The Virginian-Pilot

October 72004

Editorial

True to Virginia’s roots, the state polit­i­cal estab­lish­ment will cast its lot with the exe­cu­tion­ers when the U. S. Supreme Court takes up the juve­nile death penal­ty on Oct. 13.

Attorney General Jerry Kilgore has joined his coun­ter­parts in Alabama, Delaware, Oklahoma, Texas and Utah in sign­ing a legal brief sup­port­ing reten­tion of the ulti­mate penal­ty for youths whose crimes were com­mit­ted at ages 16 or 17.

Unfortunately, that’s par for the course from the state that car­ried out the first exe­cu­tion in the New World and that is sec­ond only to Texas in exe­cu­tions since death-penal­ty statutes were revised in the 1970s.

This time, how­ev­er, the hang-‘em-high crowd won’t be the only ones rep­re­sent­ing Virginia at a Supreme Court death penal­ty hear­ing.

Also speak­ing loud and clear by their actions will be the Chesapeake jury that gave Lee Boyd Malvo life in prison, rather than death, for his role in the I‑95 sniper killings two years ago.

That deci­sion in one of the most noto­ri­ous crime sprees in American his­to­ry is pow­er­ful tes­ta­ment to evolv­ing com­mu­ni­ty stan­dards on the exe­cu­tion of juve­niles. Despite grue­some tes­ti­mo­ny about Malvo’s role in the cold-blood­ed, ran­dom killings, jurors appeared per­suad­ed that his sus­cep­ti­bil­i­ty to adult influ­ence mit­i­gat­ed against death.

That, in fact, is the choice of most of the civ­i­lized world. When it comes to judg­ing those whose crimes were com­mit­ted before they turned 18, it is increas­ing­ly the choice of Americans as well.

An ABC News poll released in December 2003 showed sev­en out of 10 Americans oppose the exe­cu­tion of juve­nile offend­ers. Thirty-one states now ban the prac­tice. The two most recent addi­tions, South Dakota and Wyoming, joined the list this spring.
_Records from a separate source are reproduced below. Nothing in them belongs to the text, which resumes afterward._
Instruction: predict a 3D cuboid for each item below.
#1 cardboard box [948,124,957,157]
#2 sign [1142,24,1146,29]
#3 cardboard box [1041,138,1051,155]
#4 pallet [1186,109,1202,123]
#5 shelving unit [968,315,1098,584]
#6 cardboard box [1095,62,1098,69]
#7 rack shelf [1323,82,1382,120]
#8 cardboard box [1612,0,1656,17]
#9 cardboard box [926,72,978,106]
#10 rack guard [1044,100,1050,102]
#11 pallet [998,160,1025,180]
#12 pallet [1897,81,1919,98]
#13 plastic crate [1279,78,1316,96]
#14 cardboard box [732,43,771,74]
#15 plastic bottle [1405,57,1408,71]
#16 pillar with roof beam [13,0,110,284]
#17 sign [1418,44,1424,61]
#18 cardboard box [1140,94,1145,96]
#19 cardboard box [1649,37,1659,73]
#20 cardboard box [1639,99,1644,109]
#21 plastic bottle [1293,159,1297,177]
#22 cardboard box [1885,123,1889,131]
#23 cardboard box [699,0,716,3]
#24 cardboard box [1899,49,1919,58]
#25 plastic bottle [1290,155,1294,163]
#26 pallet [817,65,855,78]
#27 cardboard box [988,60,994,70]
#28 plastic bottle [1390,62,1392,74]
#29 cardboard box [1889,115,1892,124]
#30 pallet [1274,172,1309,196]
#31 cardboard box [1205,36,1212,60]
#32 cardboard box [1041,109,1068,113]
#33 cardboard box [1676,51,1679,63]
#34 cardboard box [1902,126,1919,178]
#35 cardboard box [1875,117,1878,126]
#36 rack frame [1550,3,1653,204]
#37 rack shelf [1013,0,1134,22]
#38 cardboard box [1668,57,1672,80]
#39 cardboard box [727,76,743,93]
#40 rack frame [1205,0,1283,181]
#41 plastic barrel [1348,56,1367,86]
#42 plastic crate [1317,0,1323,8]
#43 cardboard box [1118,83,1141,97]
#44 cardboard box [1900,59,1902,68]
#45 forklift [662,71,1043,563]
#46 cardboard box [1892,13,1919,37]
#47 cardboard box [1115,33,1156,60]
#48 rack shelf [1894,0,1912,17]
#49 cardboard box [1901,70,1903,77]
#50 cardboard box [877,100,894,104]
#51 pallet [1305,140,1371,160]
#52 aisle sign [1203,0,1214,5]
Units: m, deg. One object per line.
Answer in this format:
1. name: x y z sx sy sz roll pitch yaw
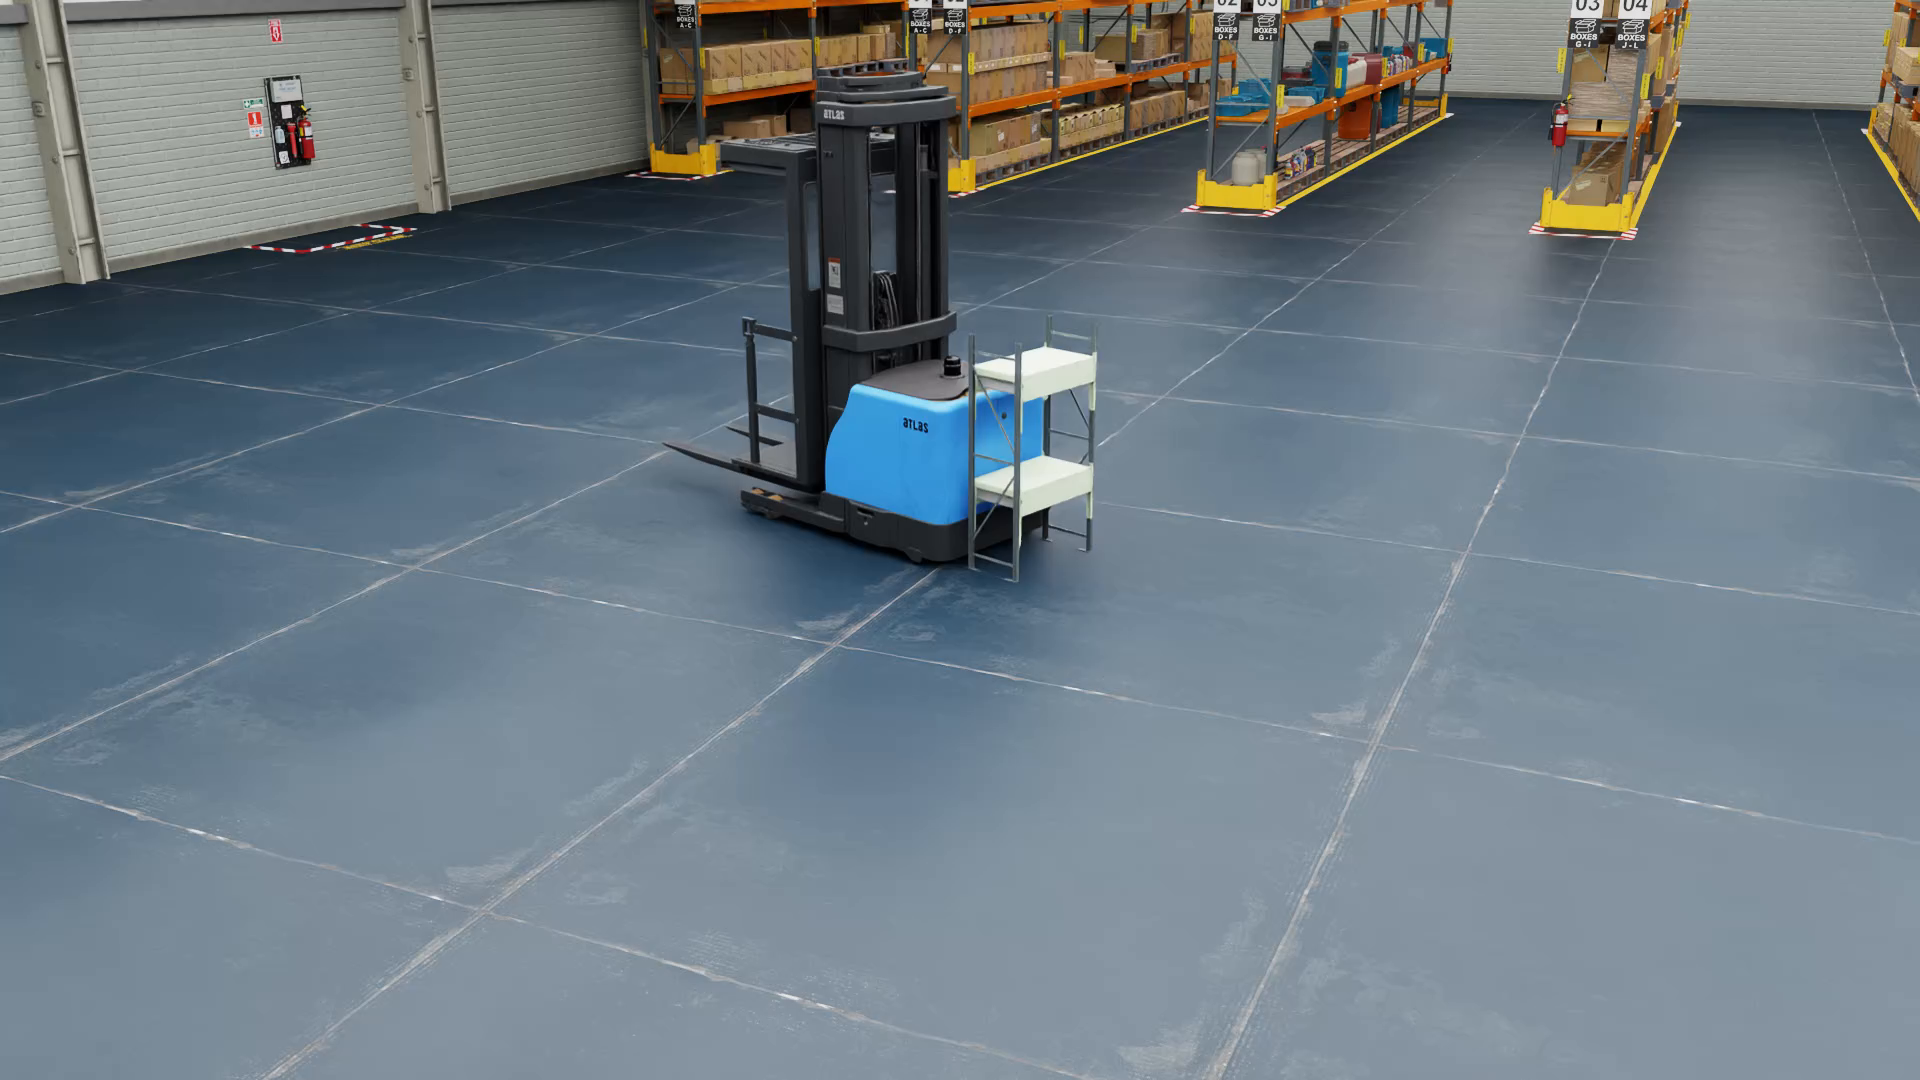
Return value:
1. cardboard box: -0.380 -6.586 27.368 0.500 0.500 0.500 9 21 23
2. sign: 4.087 -11.274 36.900 0.100 0.325 0.005 9 21 23
3. cardboard box: 1.319 -7.079 29.873 0.500 0.250 0.500 9 21 23
4. pallet: 4.868 -9.689 37.900 1.003 0.211 1.213 9 21 23
5. shelving unit: 0.452 -0.575 10.347 0.431 1.500 0.755 17 26 39
6. cardboard box: 2.405 -9.282 32.725 0.500 0.311 0.500 8 21 22
7. rack shelf: 6.646 -7.940 29.891 1.077 0.370 4.000 9 21 23
8. cardboard box: 9.141 -7.219 22.539 0.500 0.250 0.500 9 22 24
9. cardboard box: -0.126 -7.313 26.907 0.700 0.500 0.500 9 21 23
10. rack guard: 1.713 -11.525 42.628 1.175 0.500 0.348 9 21 23
11. pallet: 0.448 -6.423 28.713 1.003 0.211 1.213 9 21 23
12. pallet: 16.662 -7.641 28.264 1.213 0.211 1.003 9 21 23
13. plastic crate: 5.497 -7.495 27.661 0.767 0.338 0.504 9 21 23
14. cardboard box: -3.750 -8.667 29.937 0.500 0.500 0.500 9 22 24
15. plastic bottle: 9.183 -9.816 34.268 0.061 0.283 0.133 9 21 23
16. pillar with roof beam: -6.338 -6.704 16.390 9.100 9.000 0.400 9 21 23
17. sign: 9.604 -10.167 34.668 0.100 0.325 0.005 9 21 23
18. cardboard box: 3.745 -9.392 35.976 0.500 0.500 0.500 9 21 23
19. cardboard box: 10.003 -7.165 24.554 0.500 0.500 0.500 9 21 23
20. cardboard box: 9.755 -6.731 24.826 0.875 0.500 0.500 9 21 23
21. plastic bottle: 5.356 -5.982 26.729 0.097 0.271 0.097 0 20 0
22. cardboard box: 18.044 -7.941 32.005 0.380 0.149 0.250 7 21 20
23. cardboard box: -4.484 -9.342 28.104 0.500 0.500 0.500 9 22 24
24. cardboard box: 17.204 -8.784 30.052 0.380 0.149 0.250 8 21 22
25. plastic bottle: 5.448 -6.166 27.228 0.061 0.283 0.133 9 21 23
26. pallet: -2.766 -9.150 32.507 1.003 0.211 1.213 9 21 23
27. cardboard box: 0.343 -7.802 27.314 0.380 0.149 0.250 8 21 22
28. plastic bottle: 8.483 -9.302 32.840 0.097 0.271 0.097 0 20 0
29. cardboard box: 18.082 -8.085 31.965 0.380 0.149 0.250 9 21 23
30. pallet: 5.016 -5.780 26.905 1.003 0.211 1.213 9 21 23
31. cardboard box: 5.457 -11.269 38.029 0.500 0.500 0.500 8 21 22
32. cardboard box: 1.837 -8.143 32.029 0.500 0.311 0.500 8 21 22
33. cardboard box: 14.468 -9.921 34.168 0.500 0.250 0.500 9 22 24
34. cardboard box: 15.781 -6.195 26.643 1.050 0.750 0.750 9 21 24
35. cardboard box: 19.237 -8.683 34.535 0.380 0.149 0.250 9 21 24
36. rack frame: 8.708 -5.765 22.702 1.000 3.000 0.127 9 21 23
37. rack shelf: 2.129 -10.034 31.303 1.077 0.370 4.000 9 21 23
38. cardboard box: 13.053 -8.836 31.190 0.500 0.500 0.500 9 21 23
39. cardboard box: -4.160 -8.009 29.206 0.500 0.250 0.500 8 21 21
40. rack frame: 4.189 -6.444 24.613 1.000 3.000 0.127 9 21 23
41. plastic barrel: 7.239 -8.599 30.504 0.421 0.512 0.421 0 20 0
42. plastic crate: 5.539 -8.410 26.057 0.243 0.136 0.396 9 21 23
43. cardboard box: 3.551 -9.603 35.449 0.500 0.250 0.500 8 21 22
44. cardboard box: 16.992 -8.482 29.647 0.380 0.149 0.250 8 21 22
45. forklift: -0.872 -1.635 11.193 3.031 2.935 1.130 17 26 40
46. cardboard box: 19.116 -10.347 33.501 0.500 0.500 0.500 9 22 24
47. cardboard box: 3.651 -10.277 34.614 0.700 0.500 0.500 13 23 33
48. rack shelf: 18.924 -10.407 32.354 1.077 0.370 4.000 9 21 23
49. cardboard box: 16.780 -8.184 29.252 0.380 0.149 0.250 9 22 24
50. cardboard box: -1.821 -9.052 35.018 0.700 0.500 0.500 9 21 23
51. pallet: 7.112 -7.345 31.306 1.003 0.211 1.213 9 21 23
52. aisle sign: 5.984 -13.302 40.017 0.394 0.787 0.004 9 21 23

Virginia is one of just six states that have car­ried out exe­cu­tions of indi­vid­u­als who were younger than 18 at the time of their offense.

Shamefully, three such deaths puts Virginia sec­ond only to Texas in the cat­e­go­ry.

Virginia politi­cians appear not to have heard, or at least heed­ed, the evolv­ing sci­ence about ado­les­cent brains. Increasingly sophis­ti­cat­ed research affirms what many par­ents have long sus­pect­ed: that full brain devel­op­ment does not occur until the late teens or 20s. Young males often dis­play an impetu­ous­ness and lack of con­trol that is eclipsed by age.

Since 1994, death sen­tences for juve­nile offend­ers have dropped nation­al­ly. An inten­sive, soon-to-be-pub­lished Columbia University study cred­its evolv­ing atti­tudes, rather than fac­tors such as a decreased juve­nile homi­cide arrest rate.

Regrettably, many lead­ing Virginia politi­cians retain their knee-jerk embrace of cap­i­tal pun­ish­ment in broad form. When the Supreme Court struck down the penal­ty for indi­vid­u­als with men­tal retar­da­tion two years ago, state pol­i­cy-mak­ers cleaved to the los­ing side.

This time, how­ev­er, their voic­es may be drowned out by the action of a con­ser­v­a­tive, tough-on-crime com­mu­ni­ty that came face-to-face with the real­i­ty of juve­nile crime and drew a life-and-death distinction.